** Activity **
Retype the entries below exactly, but begin at the line containing "text Deze afspraken" and end at the last line.

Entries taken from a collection

━━━━━━

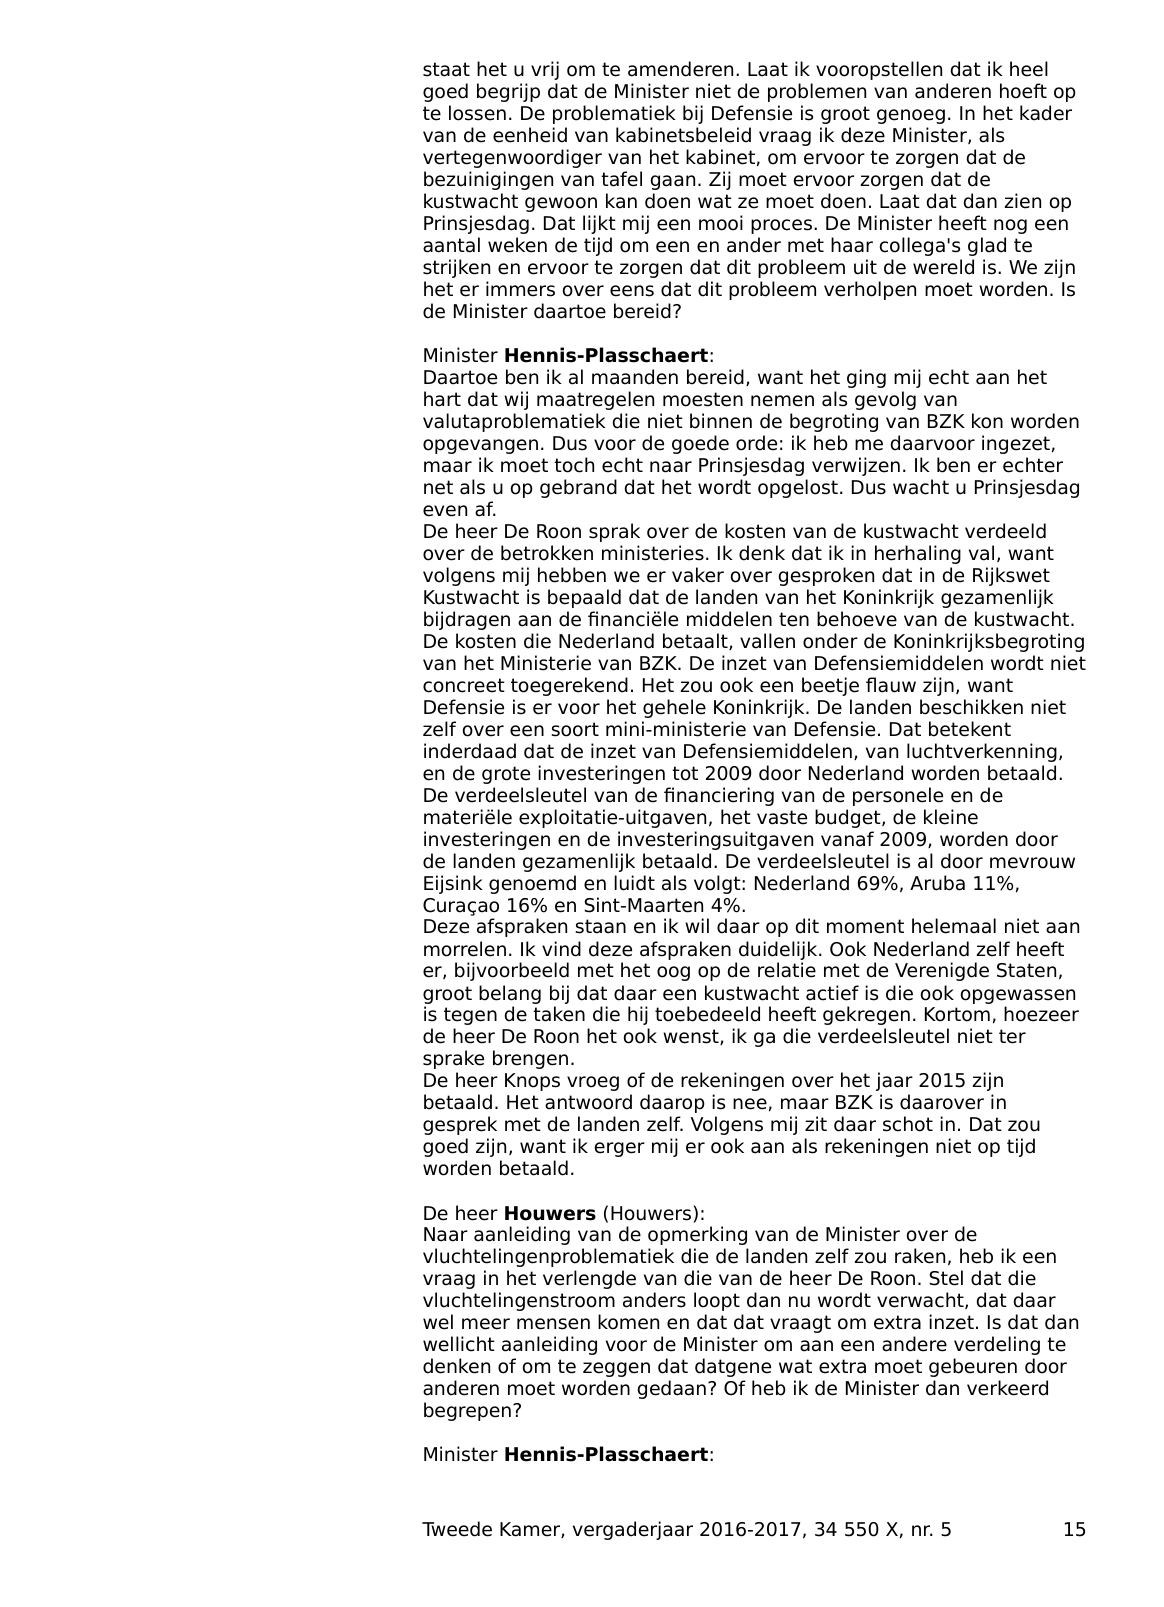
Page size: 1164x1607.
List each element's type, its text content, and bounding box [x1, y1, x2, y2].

text staat het u vrij om te amenderen. Laat ik vooropstellen dat ik heel goed begrijp dat de Minister niet de problemen van anderen hoeft op te lossen. De problematiek bij Defensie is groot genoeg. In het kader van de eenheid van kabinetsbeleid vraag ik deze Minister, als vertegenwoordiger van het kabinet, om ervoor te zorgen dat de bezuinigingen van tafel gaan. Zij moet ervoor zorgen dat de kustwacht gewoon kan doen wat ze moet doen. Laat dat dan zien op Prinsjesdag. Dat lijkt mij een mooi proces. De Minister heeft nog een aantal weken de tijd om een en ander met haar collega's glad te strijken en ervoor te zorgen dat dit probleem uit de wereld is. We zijn het er immers over eens dat dit probleem verholpen moet worden. Is de Minister daartoe bereid? [422, 59, 1087, 323]
text De heer Houwers (Houwers): [422, 1202, 1087, 1224]
text Naar aanleiding van de opmerking van de Minister over de vluchtelingenproblematiek die de landen zelf zou raken, heb ik een vraag in het verlengde van die van de heer De Roon. Stel dat die vluchtelingenstroom anders loopt dan nu wordt verwacht, dat daar wel meer mensen komen en dat dat vraagt om extra inzet. Is dat dan wellicht aanleiding voor de Minister om aan een andere verdeling te denken of om te zeggen dat datgene wat extra moet gebeuren door anderen moet worden gedaan? Of heb ik de Minister dan verkeerd begrepen? [422, 1224, 1087, 1422]
text Daartoe ben ik al maanden bereid, want het ging mij echt aan het hart dat wij maatregelen moesten nemen als gevolg van valutaproblematiek die niet binnen de begroting van BZK kon worden opgevangen. Dus voor de goede orde: ik heb me daarvoor ingezet, maar ik moet toch echt naar Prinsjesdag verwijzen. Ik ben er echter net als u op gebrand dat het wordt opgelost. Dus wacht u Prinsjesdag even af. [422, 367, 1087, 521]
text Deze afspraken staan en ik wil daar op dit moment helemaal niet aan morrelen. Ik vind deze afspraken duidelijk. Ook Nederland zelf heeft er, bijvoorbeeld met het oog op de relatie met de Verenigde Staten, groot belang bij dat daar een kustwacht actief is die ook opgewassen is tegen de taken die hij toebedeeld heeft gekregen. Kortom, hoezeer de heer De Roon het ook wenst, ik ga die verdeelsleutel niet ter sprake brengen. [422, 916, 1087, 1070]
text Minister Hennis-Plasschaert: [422, 1444, 1087, 1466]
text De heer Knops vroeg of de rekeningen over het jaar 2015 zijn betaald. Het antwoord daarop is nee, maar BZK is daarover in gesprek met de landen zelf. Volgens mij zit daar schot in. Dat zou goed zijn, want ik erger mij er ook aan als rekeningen niet op tijd worden betaald. [422, 1070, 1087, 1180]
text Minister Hennis-Plasschaert: [422, 345, 1087, 367]
text De heer De Roon sprak over de kosten van de kustwacht verdeeld over de betrokken ministeries. Ik denk dat ik in herhaling val, want volgens mij hebben we er vaker over gesproken dat in de Rijkswet Kustwacht is bepaald dat de landen van het Koninkrijk gezamenlijk bijdragen aan de financiële middelen ten behoeve van de kustwacht. De kosten die Nederland betaalt, vallen onder de Koninkrijksbegroting van het Ministerie van BZK. De inzet van Defensiemiddelen wordt niet concreet toegerekend. Het zou ook een beetje flauw zijn, want Defensie is er voor het gehele Koninkrijk. De landen beschikken niet zelf over een soort mini-ministerie van Defensie. Dat betekent inderdaad dat de inzet van Defensiemiddelen, van luchtverkenning, en de grote investeringen tot 2009 door Nederland worden betaald. De verdeelsleutel van de financiering van de personele en de materiële exploitatie-uitgaven, het vaste budget, de kleine investeringen en de investeringsuitgaven vanaf 2009, worden door de landen gezamenlijk betaald. De verdeelsleutel is al door mevrouw Eijsink genoemd en luidt als volgt: Nederland 69%, Aruba 11%, Curaçao 16% en Sint-Maarten 4%. [422, 521, 1087, 916]

━━━━━━

** Problem solution **
text Deze afspraken staan en ik wil daar op dit moment helemaal niet aan morrelen. Ik vind deze afspraken duidelijk. Ook Nederland zelf heeft er, bijvoorbeeld met het oog op de relatie met de Verenigde Staten, groot belang bij dat daar een kustwacht actief is die ook opgewassen is tegen de taken die hij toebedeeld heeft gekregen. Kortom, hoezeer de heer De Roon het ook wenst, ik ga die verdeelsleutel niet ter sprake brengen. [422, 916, 1087, 1070]
text Minister Hennis-Plasschaert: [422, 1444, 1087, 1466]
text De heer Knops vroeg of de rekeningen over het jaar 2015 zijn betaald. Het antwoord daarop is nee, maar BZK is daarover in gesprek met de landen zelf. Volgens mij zit daar schot in. Dat zou goed zijn, want ik erger mij er ook aan als rekeningen niet op tijd worden betaald. [422, 1070, 1087, 1180]
text Minister Hennis-Plasschaert: [422, 345, 1087, 367]
text De heer De Roon sprak over de kosten van de kustwacht verdeeld over de betrokken ministeries. Ik denk dat ik in herhaling val, want volgens mij hebben we er vaker over gesproken dat in de Rijkswet Kustwacht is bepaald dat de landen van het Koninkrijk gezamenlijk bijdragen aan de financiële middelen ten behoeve van de kustwacht. De kosten die Nederland betaalt, vallen onder de Koninkrijksbegroting van het Ministerie van BZK. De inzet van Defensiemiddelen wordt niet concreet toegerekend. Het zou ook een beetje flauw zijn, want Defensie is er voor het gehele Koninkrijk. De landen beschikken niet zelf over een soort mini-ministerie van Defensie. Dat betekent inderdaad dat de inzet van Defensiemiddelen, van luchtverkenning, en de grote investeringen tot 2009 door Nederland worden betaald. De verdeelsleutel van de financiering van de personele en de materiële exploitatie-uitgaven, het vaste budget, de kleine investeringen en de investeringsuitgaven vanaf 2009, worden door de landen gezamenlijk betaald. De verdeelsleutel is al door mevrouw Eijsink genoemd en luidt als volgt: Nederland 69%, Aruba 11%, Curaçao 16% en Sint-Maarten 4%. [422, 521, 1087, 916]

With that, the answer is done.